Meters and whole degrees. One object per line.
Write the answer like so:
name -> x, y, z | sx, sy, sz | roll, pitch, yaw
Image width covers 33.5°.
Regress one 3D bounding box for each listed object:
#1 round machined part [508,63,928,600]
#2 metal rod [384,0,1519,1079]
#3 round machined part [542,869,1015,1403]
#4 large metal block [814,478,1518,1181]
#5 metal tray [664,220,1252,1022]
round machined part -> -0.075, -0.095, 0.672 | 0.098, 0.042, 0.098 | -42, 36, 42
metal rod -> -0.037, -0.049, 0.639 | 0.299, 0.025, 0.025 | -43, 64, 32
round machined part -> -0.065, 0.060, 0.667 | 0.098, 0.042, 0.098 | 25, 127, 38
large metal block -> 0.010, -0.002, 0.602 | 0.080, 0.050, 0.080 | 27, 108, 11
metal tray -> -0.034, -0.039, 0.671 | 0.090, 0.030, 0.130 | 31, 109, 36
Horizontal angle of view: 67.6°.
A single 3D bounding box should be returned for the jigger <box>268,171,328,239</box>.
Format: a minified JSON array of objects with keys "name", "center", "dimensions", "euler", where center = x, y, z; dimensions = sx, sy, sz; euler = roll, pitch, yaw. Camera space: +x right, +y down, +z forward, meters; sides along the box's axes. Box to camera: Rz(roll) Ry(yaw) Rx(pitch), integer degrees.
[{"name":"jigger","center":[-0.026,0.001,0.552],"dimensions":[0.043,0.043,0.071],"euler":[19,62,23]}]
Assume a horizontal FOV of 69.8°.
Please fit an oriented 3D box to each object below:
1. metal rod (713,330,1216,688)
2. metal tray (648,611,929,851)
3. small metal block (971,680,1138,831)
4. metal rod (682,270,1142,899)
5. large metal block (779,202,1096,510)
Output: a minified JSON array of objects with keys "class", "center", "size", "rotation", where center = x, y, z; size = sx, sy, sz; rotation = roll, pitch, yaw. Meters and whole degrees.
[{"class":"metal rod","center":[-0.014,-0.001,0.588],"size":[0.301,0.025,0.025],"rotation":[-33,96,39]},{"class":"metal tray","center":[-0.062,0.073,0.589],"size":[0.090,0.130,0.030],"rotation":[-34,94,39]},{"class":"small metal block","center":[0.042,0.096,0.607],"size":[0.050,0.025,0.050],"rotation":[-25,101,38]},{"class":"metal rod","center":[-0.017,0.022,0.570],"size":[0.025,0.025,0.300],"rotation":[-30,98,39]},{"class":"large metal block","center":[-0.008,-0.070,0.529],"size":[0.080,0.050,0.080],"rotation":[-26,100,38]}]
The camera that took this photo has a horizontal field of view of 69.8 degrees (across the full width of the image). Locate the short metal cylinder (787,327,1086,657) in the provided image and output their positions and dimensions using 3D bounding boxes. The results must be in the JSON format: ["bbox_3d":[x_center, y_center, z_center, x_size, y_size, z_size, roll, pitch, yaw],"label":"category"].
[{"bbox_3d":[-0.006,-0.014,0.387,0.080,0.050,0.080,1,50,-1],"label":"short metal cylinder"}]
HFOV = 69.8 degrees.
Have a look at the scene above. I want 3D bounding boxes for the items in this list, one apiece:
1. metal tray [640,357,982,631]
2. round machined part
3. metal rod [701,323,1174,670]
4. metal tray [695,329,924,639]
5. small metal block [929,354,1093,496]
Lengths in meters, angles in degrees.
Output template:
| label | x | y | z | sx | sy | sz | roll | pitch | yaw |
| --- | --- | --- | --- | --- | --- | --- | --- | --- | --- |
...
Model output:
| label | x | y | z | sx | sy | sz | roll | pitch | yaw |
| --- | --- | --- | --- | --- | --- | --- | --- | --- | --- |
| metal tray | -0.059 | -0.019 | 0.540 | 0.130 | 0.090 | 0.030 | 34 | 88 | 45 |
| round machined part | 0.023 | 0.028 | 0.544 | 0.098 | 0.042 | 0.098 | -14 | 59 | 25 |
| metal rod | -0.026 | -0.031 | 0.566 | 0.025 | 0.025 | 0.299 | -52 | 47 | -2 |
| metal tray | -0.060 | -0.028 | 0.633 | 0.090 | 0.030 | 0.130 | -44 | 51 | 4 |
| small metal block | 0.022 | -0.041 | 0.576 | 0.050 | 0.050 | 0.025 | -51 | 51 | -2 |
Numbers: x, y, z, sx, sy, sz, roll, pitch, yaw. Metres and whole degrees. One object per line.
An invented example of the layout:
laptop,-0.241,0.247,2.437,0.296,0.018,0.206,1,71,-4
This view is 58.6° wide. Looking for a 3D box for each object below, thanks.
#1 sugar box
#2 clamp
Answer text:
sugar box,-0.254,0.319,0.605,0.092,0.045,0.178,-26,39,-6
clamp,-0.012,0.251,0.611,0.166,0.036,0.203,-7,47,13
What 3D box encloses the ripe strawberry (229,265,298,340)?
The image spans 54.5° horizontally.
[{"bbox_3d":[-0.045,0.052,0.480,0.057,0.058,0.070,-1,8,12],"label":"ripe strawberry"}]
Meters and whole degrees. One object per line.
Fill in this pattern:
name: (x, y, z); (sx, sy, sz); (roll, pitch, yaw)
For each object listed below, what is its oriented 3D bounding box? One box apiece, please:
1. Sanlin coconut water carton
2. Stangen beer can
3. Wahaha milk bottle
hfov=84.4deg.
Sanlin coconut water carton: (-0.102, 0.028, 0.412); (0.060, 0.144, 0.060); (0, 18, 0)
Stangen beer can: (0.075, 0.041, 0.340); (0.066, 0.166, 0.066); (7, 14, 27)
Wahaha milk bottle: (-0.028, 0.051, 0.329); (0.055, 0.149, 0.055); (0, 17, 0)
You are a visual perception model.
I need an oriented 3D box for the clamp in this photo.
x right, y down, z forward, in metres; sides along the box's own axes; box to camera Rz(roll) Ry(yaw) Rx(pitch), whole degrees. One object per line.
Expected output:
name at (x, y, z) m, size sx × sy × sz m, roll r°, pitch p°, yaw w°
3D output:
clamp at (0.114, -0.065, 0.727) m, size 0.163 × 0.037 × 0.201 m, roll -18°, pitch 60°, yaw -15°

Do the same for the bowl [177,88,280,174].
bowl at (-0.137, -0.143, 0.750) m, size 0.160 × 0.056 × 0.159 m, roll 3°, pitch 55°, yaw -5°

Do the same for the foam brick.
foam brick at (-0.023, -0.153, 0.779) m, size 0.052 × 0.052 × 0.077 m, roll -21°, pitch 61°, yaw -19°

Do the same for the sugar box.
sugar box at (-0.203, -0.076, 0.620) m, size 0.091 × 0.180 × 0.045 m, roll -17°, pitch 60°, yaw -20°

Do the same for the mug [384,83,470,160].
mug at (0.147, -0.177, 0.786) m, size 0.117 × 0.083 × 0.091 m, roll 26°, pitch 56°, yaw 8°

§ THE TASK
Your reply must reproduce all records above exactly.

§ OUTPUT FOR THIS TASK
Meters and whole degrees. One object per line.
Write the answer like so:
name -> x, y, z | sx, sy, sz | roll, pitch, yaw
Image width covers 33.5°.
Regress one 3D bounding box for each listed object:
#1 round machined part [508,63,928,600]
#2 metal rod [384,0,1519,1079]
#3 round machined part [542,869,1015,1403]
#4 large metal block [814,478,1518,1181]
#5 metal tray [664,220,1252,1022]
round machined part -> -0.075, -0.095, 0.672 | 0.098, 0.042, 0.098 | -42, 36, 42
metal rod -> -0.037, -0.049, 0.639 | 0.299, 0.025, 0.025 | -43, 64, 32
round machined part -> -0.065, 0.060, 0.667 | 0.098, 0.042, 0.098 | 25, 127, 38
large metal block -> 0.010, -0.002, 0.602 | 0.080, 0.050, 0.080 | 27, 108, 11
metal tray -> -0.034, -0.039, 0.671 | 0.090, 0.030, 0.130 | 31, 109, 36
Horizontal angle of view: 67.6°.
A single 3D bounding box should be returned for the jigger <box>268,171,328,239</box>.
Format: a minified JSON array of objects with keys "name", "center", "dimensions", "euler", where center = x, y, z; dimensions = sx, sy, sz; euler = roll, pitch, yaw. Camera space: +x right, +y down, +z forward, meters; sides along the box's axes. Box to camera: Rz(roll) Ry(yaw) Rx(pitch), integer degrees.
[{"name":"jigger","center":[-0.026,0.001,0.552],"dimensions":[0.043,0.043,0.071],"euler":[19,62,23]}]
Assume a horizontal FOV of 69.8°.
Please fit an oriented 3D box to each object below:
1. metal rod (713,330,1216,688)
2. metal tray (648,611,929,851)
3. small metal block (971,680,1138,831)
4. metal rod (682,270,1142,899)
5. large metal block (779,202,1096,510)
Output: a minified JSON array of objects with keys "class", "center", "size", "rotation", where center = x, y, z; size = sx, sy, sz; rotation = roll, pitch, yaw. Meters and whole degrees.
[{"class":"metal rod","center":[-0.014,-0.001,0.588],"size":[0.301,0.025,0.025],"rotation":[-33,96,39]},{"class":"metal tray","center":[-0.062,0.073,0.589],"size":[0.090,0.130,0.030],"rotation":[-34,94,39]},{"class":"small metal block","center":[0.042,0.096,0.607],"size":[0.050,0.025,0.050],"rotation":[-25,101,38]},{"class":"metal rod","center":[-0.017,0.022,0.570],"size":[0.025,0.025,0.300],"rotation":[-30,98,39]},{"class":"large metal block","center":[-0.008,-0.070,0.529],"size":[0.080,0.050,0.080],"rotation":[-26,100,38]}]
The camera that took this photo has a horizontal field of view of 69.8 degrees (across the full width of the image). Locate the short metal cylinder (787,327,1086,657) in the provided image and output their positions and dimensions using 3D bounding boxes. The results must be in the JSON format: ["bbox_3d":[x_center, y_center, z_center, x_size, y_size, z_size, roll, pitch, yaw],"label":"category"].
[{"bbox_3d":[-0.006,-0.014,0.387,0.080,0.050,0.080,1,50,-1],"label":"short metal cylinder"}]
HFOV = 69.8 degrees.
Have a look at the scene above. I want 3D bounding boxes for the items in this list, one apiece:
1. metal tray [640,357,982,631]
2. round machined part
3. metal rod [701,323,1174,670]
4. metal tray [695,329,924,639]
5. small metal block [929,354,1093,496]
Lengths in meters, angles in degrees.
Output template:
| label | x | y | z | sx | sy | sz | roll | pitch | yaw |
| --- | --- | --- | --- | --- | --- | --- | --- | --- | --- |
...
Model output:
| label | x | y | z | sx | sy | sz | roll | pitch | yaw |
| --- | --- | --- | --- | --- | --- | --- | --- | --- | --- |
| metal tray | -0.059 | -0.019 | 0.540 | 0.130 | 0.090 | 0.030 | 34 | 88 | 45 |
| round machined part | 0.023 | 0.028 | 0.544 | 0.098 | 0.042 | 0.098 | -14 | 59 | 25 |
| metal rod | -0.026 | -0.031 | 0.566 | 0.025 | 0.025 | 0.299 | -52 | 47 | -2 |
| metal tray | -0.060 | -0.028 | 0.633 | 0.090 | 0.030 | 0.130 | -44 | 51 | 4 |
| small metal block | 0.022 | -0.041 | 0.576 | 0.050 | 0.050 | 0.025 | -51 | 51 | -2 |
Numbers: x, y, z, sx, sy, sz, roll, pitch, yaw. Metres and whole degrees. One object per line.
An invented example of the layout:
laptop,-0.241,0.247,2.437,0.296,0.018,0.206,1,71,-4
This view is 58.6° wide. Looking for a 3D box for each object below, thanks.
#1 sugar box
#2 clamp
Answer text:
sugar box,-0.254,0.319,0.605,0.092,0.045,0.178,-26,39,-6
clamp,-0.012,0.251,0.611,0.166,0.036,0.203,-7,47,13
What 3D box encloses the ripe strawberry (229,265,298,340)?
The image spans 54.5° horizontally.
[{"bbox_3d":[-0.045,0.052,0.480,0.057,0.058,0.070,-1,8,12],"label":"ripe strawberry"}]
Meters and whole degrees. One object per line.
Fill in this pattern:
name: (x, y, z); (sx, sy, sz); (roll, pitch, yaw)
For each object listed below, what is its oriented 3D bounding box? One box apiece, please:
1. Sanlin coconut water carton
2. Stangen beer can
3. Wahaha milk bottle
hfov=84.4deg.
Sanlin coconut water carton: (-0.102, 0.028, 0.412); (0.060, 0.144, 0.060); (0, 18, 0)
Stangen beer can: (0.075, 0.041, 0.340); (0.066, 0.166, 0.066); (7, 14, 27)
Wahaha milk bottle: (-0.028, 0.051, 0.329); (0.055, 0.149, 0.055); (0, 17, 0)
You are a visual perception model.
I need an oriented 3D box for the clamp in this photo.
x right, y down, z forward, in metres; sides along the box's own axes; box to camera Rz(roll) Ry(yaw) Rx(pitch), whole degrees. One object per line.
Expected output:
name at (x, y, z) m, size sx × sy × sz m, roll r°, pitch p°, yaw w°
3D output:
clamp at (0.114, -0.065, 0.727) m, size 0.163 × 0.037 × 0.201 m, roll -18°, pitch 60°, yaw -15°

Do the same for the bowl [177,88,280,174].
bowl at (-0.137, -0.143, 0.750) m, size 0.160 × 0.056 × 0.159 m, roll 3°, pitch 55°, yaw -5°

Do the same for the foam brick.
foam brick at (-0.023, -0.153, 0.779) m, size 0.052 × 0.052 × 0.077 m, roll -21°, pitch 61°, yaw -19°

Do the same for the sugar box.
sugar box at (-0.203, -0.076, 0.620) m, size 0.091 × 0.180 × 0.045 m, roll -17°, pitch 60°, yaw -20°

Do the same for the mug [384,83,470,160].
mug at (0.147, -0.177, 0.786) m, size 0.117 × 0.083 × 0.091 m, roll 26°, pitch 56°, yaw 8°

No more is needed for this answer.